# polyopt¶

Given a spectrum (typically corresponding to a spatial semi-discretization of a PDE), finds an optimal stability polynomial. The polynomial coefficients can then be used as input to RK-coeff-opt to find a corresponding Runge-Kutta method.

This is the implementation of the algorithm described in [ketcheson-ahmadia]. The code was written by Aron Ahmadia and David Ketcheson.

Contents

## opt_poly_bisect¶

function [h,poly_coeff] = opt_poly_bisect(lam,s,p,basis,varargin)


Finds an optimally stable polynomial of degree s and order p for the spectrum lam in the interval (h_min,h_max) to precision eps.

Optional arguments:

lam_func:
A function used to generate the appropriate spectrum at each bisection step, instead of using a fixed (scaled) spectrum.

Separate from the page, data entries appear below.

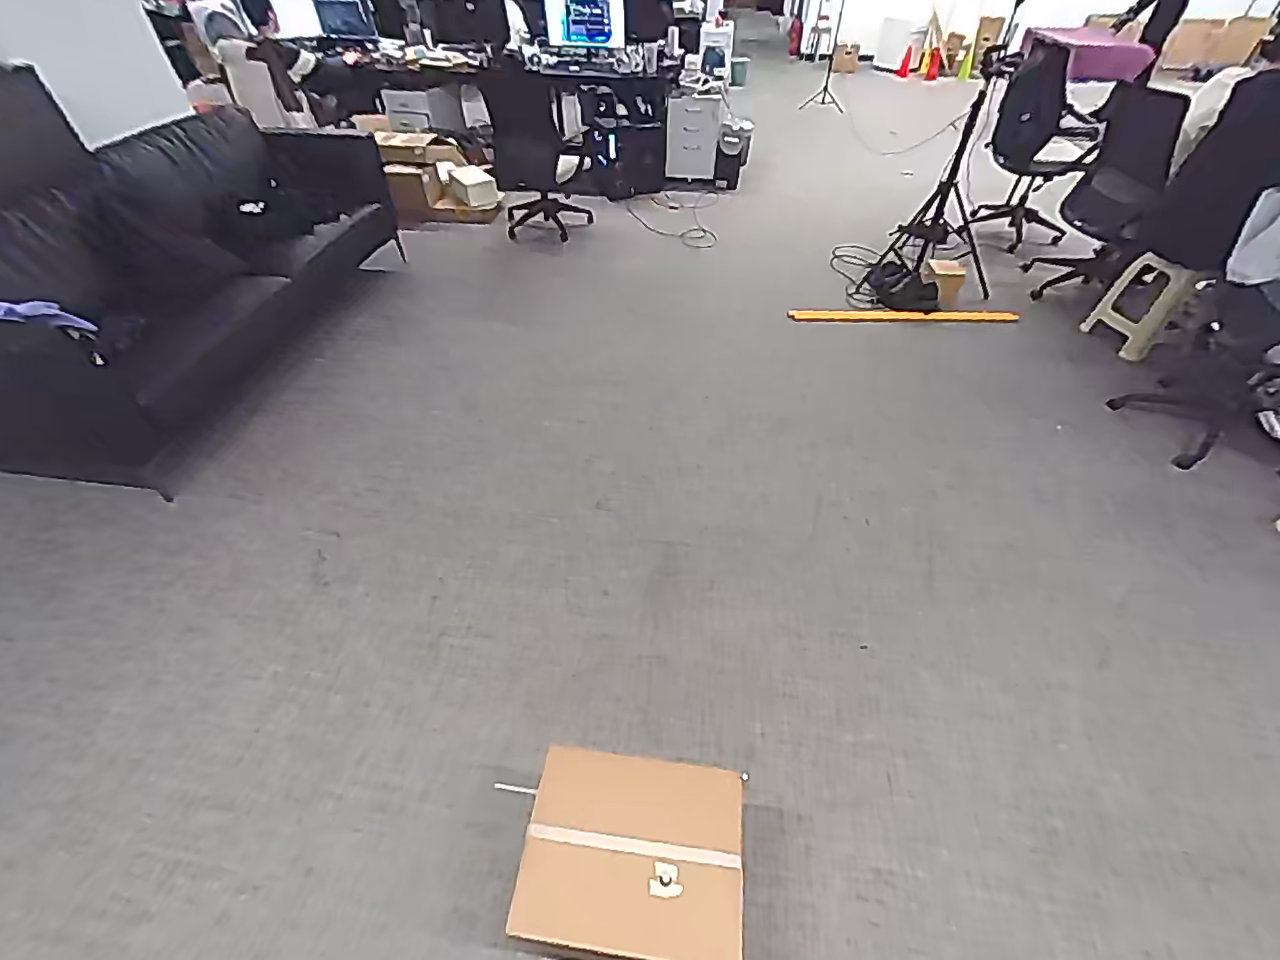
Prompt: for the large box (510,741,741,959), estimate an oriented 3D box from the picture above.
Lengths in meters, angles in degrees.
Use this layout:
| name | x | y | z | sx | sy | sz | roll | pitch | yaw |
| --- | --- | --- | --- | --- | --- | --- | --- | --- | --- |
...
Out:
| name | x | y | z | sx | sy | sz | roll | pitch | yaw |
| --- | --- | --- | --- | --- | --- | --- | --- | --- | --- |
| large box | -0.013 | 0.780 | 1.121 | 0.408 | 0.320 | 0.320 | 6 | 46 | 6 |
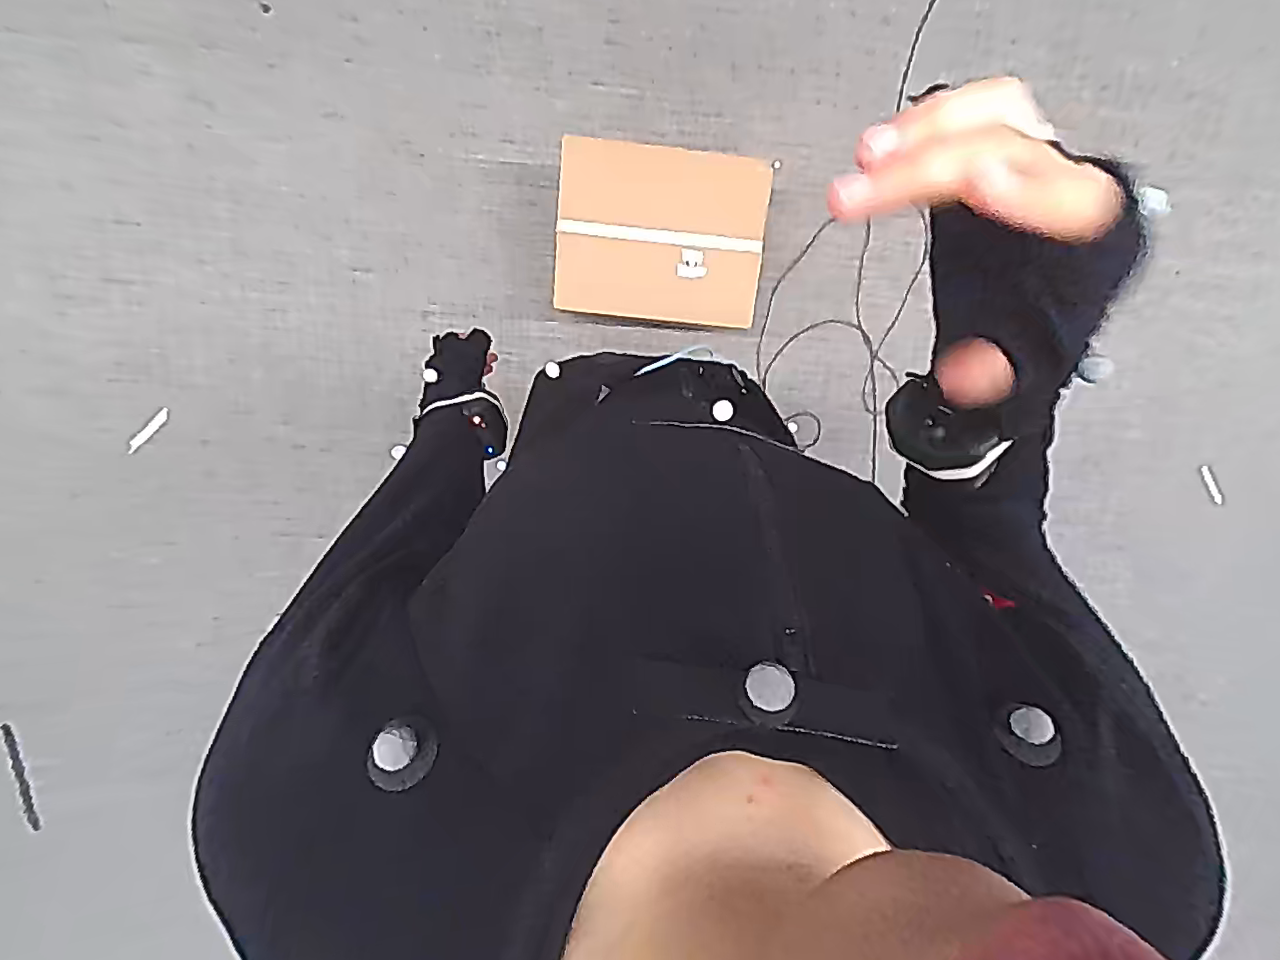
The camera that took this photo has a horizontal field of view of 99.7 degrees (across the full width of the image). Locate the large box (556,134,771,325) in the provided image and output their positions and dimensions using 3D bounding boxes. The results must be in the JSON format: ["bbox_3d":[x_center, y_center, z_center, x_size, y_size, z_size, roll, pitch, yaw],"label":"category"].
[{"bbox_3d":[0.032,-0.525,1.203,0.408,0.320,0.320,5,106,-4],"label":"large box"}]
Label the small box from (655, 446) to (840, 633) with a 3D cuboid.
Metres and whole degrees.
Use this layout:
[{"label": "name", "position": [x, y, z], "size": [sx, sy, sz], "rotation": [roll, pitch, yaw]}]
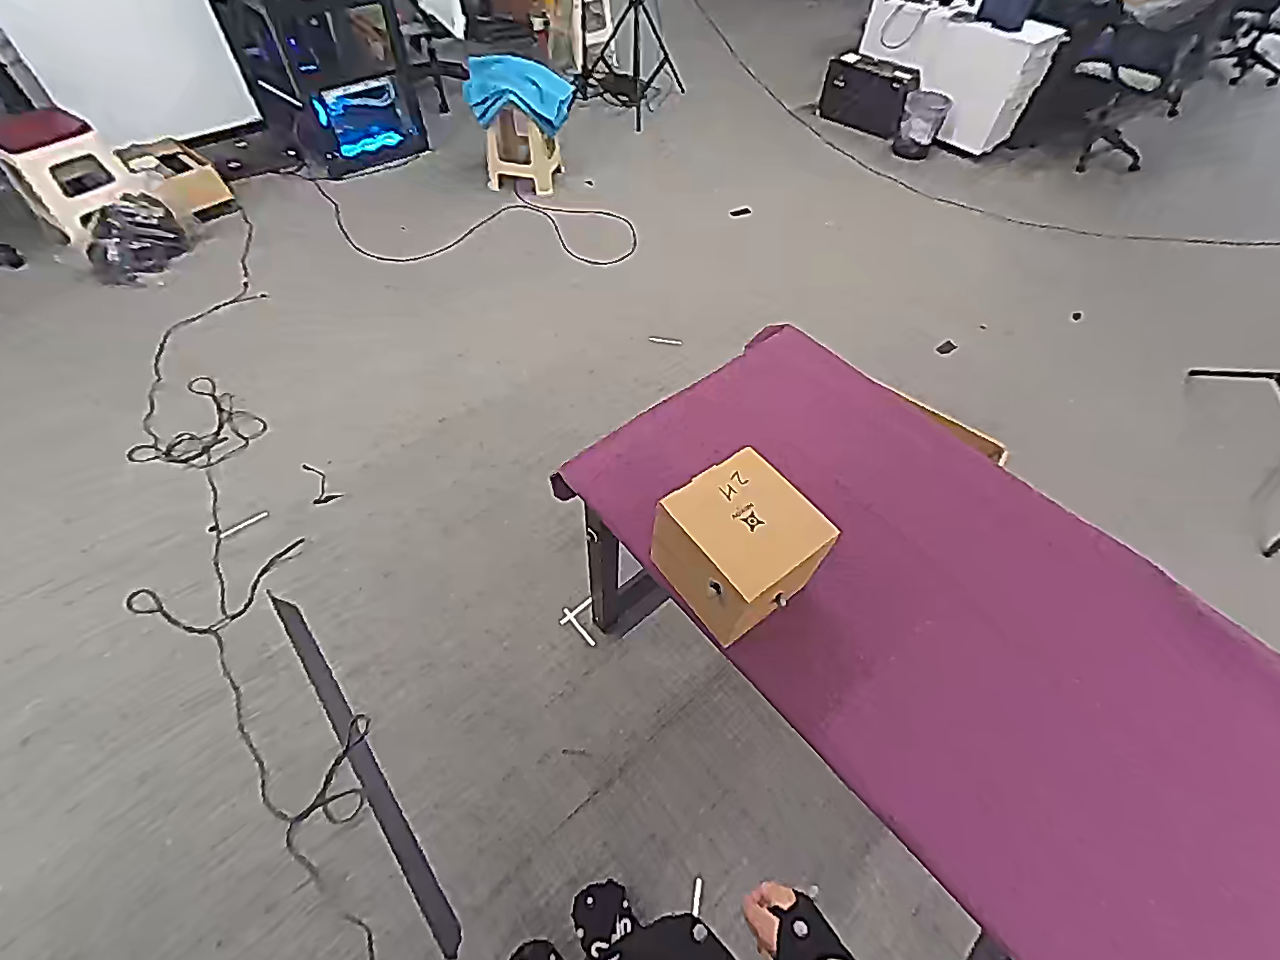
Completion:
[{"label": "small box", "position": [0.137, 0.092, 0.759], "size": [0.168, 0.176, 0.179], "rotation": [-30, 61, -22]}]
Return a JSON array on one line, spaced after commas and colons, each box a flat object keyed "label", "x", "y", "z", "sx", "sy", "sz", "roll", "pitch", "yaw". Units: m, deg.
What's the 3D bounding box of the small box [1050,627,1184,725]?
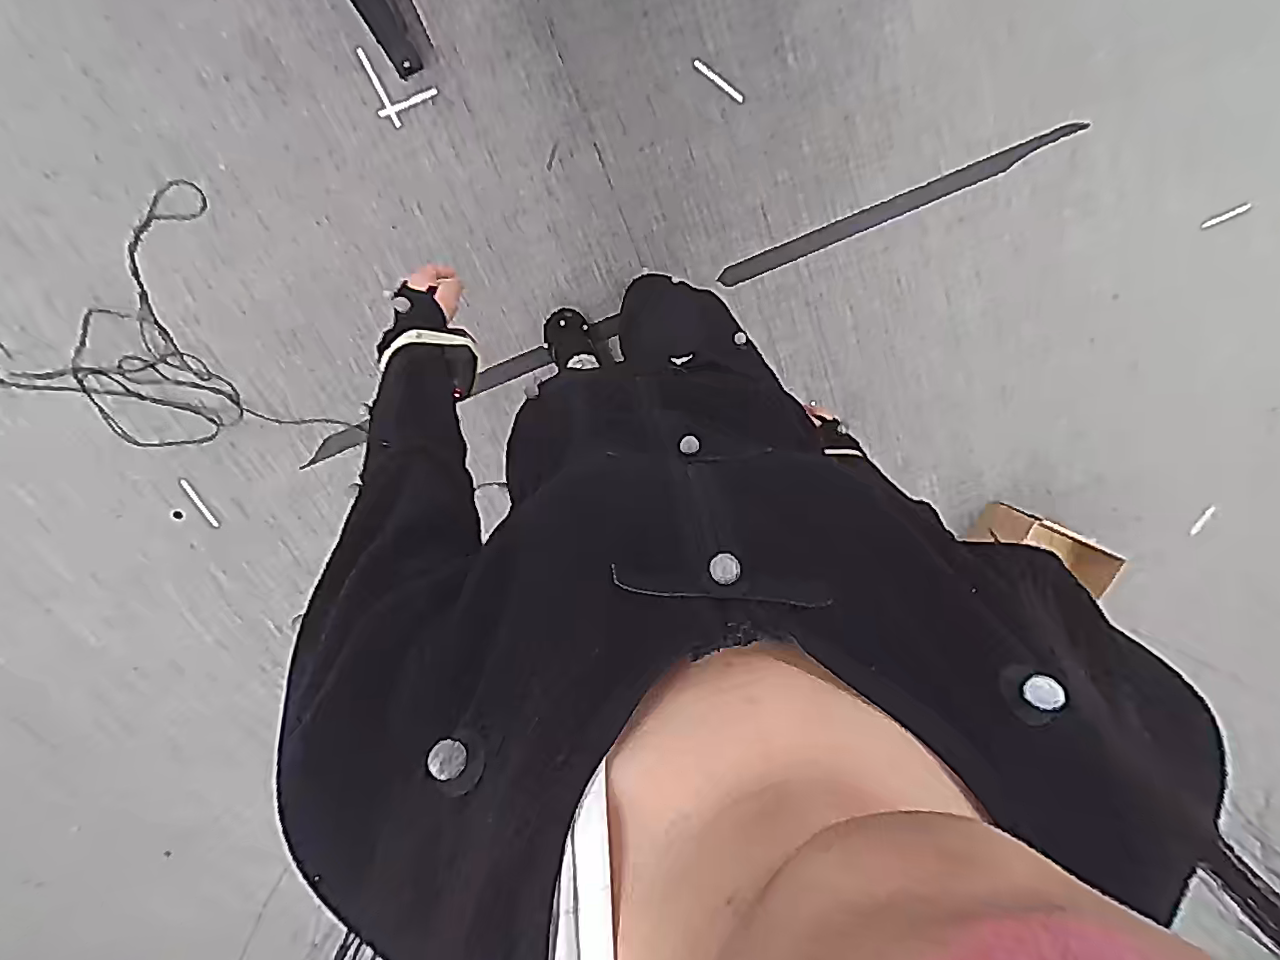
[{"label": "small box", "x": 1.260, "y": 0.518, "z": 1.444, "sx": 0.179, "sy": 0.176, "sz": 0.168, "roll": 16, "pitch": 107, "yaw": -14}]

Used for instance to find the longest rectangle of a fixed height (see Figure 10 of the CAMCoS paper).

Examples:

• To find negative real axis inclusion:

lam = spectrum('realaxis',500);
s = 10; p = 2;
[h,poly_coeff] = opt_poly_bisect(lam,s,p,'chebyshev')

• To reproduce figure 10 of [ketcheson-ahmadia]

lam_func = @(kappa) spectrum('rectangle',100,kappa,10)
[h,poly_coeff] = opt_poly_bisect(lam,20,1,'chebyshev','lam_func',lam_func)
plotstabreg_func(poly_coeff,[1])

## spectrum¶

function lamda = spectrum(name,N,kappa,beta)

Return N discretely sampled values from certain sets in the complex plane.

Acceptable values for name:
• ‘realaxis’: $$[-1,0]$$
• ‘imagaxis’: $$[-i,i]$$
• ‘disk’: $${z : |z+1|=1}$$
• ‘rectangle’: $${x+iy : -\beta \le y \le \beta, -\kappa \le x \le 0}$$
• ‘Niegemann-ellipse’ and ‘Niegemann-circle’: See Niegemann 2011
• ‘gap’: Spectrum with a gap; see Ketcheson & Ahmadia 2012

kappa and beta are used only if name == ‘rectangle’

## test_polyopt¶

function test_suite = test_polyopt

A set of verification tests for the polyopt suite.